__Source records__
● ● ● ● ● ● ●

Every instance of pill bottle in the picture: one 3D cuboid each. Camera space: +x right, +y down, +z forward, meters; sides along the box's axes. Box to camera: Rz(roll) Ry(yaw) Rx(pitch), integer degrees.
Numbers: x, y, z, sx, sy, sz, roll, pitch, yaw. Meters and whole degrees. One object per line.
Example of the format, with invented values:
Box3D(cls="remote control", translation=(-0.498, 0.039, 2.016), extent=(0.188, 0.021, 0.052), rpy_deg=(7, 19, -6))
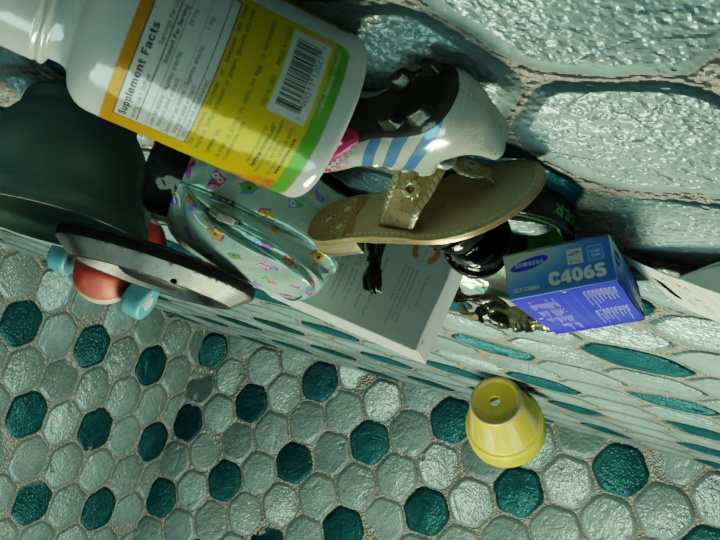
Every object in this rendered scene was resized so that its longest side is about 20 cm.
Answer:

● ● ● ● ● ● ●

Leave out the pictures and output the rest of the records exactly.

__Exercise solution__
Every instance of pill bottle in the picture: one 3D cuboid each. Camera space: +x right, +y down, +z forward, meters; sides along the box's axes. Box to camera: Rz(roll) Ry(yaw) Rx(pitch), integer degrees.
Numbers: x, y, z, sx, sy, sz, roll, pitch, yaw. Meters and whole degrees. One object per line.
Example of the format, with invented values:
Box3D(cls="remote control", translation=(-0.498, 0.039, 2.016), extent=(0.188, 0.021, 0.052), rpy_deg=(7, 19, -6))
Every object in this rendered scene was resized so that its longest side is about 20 cm.
Answer:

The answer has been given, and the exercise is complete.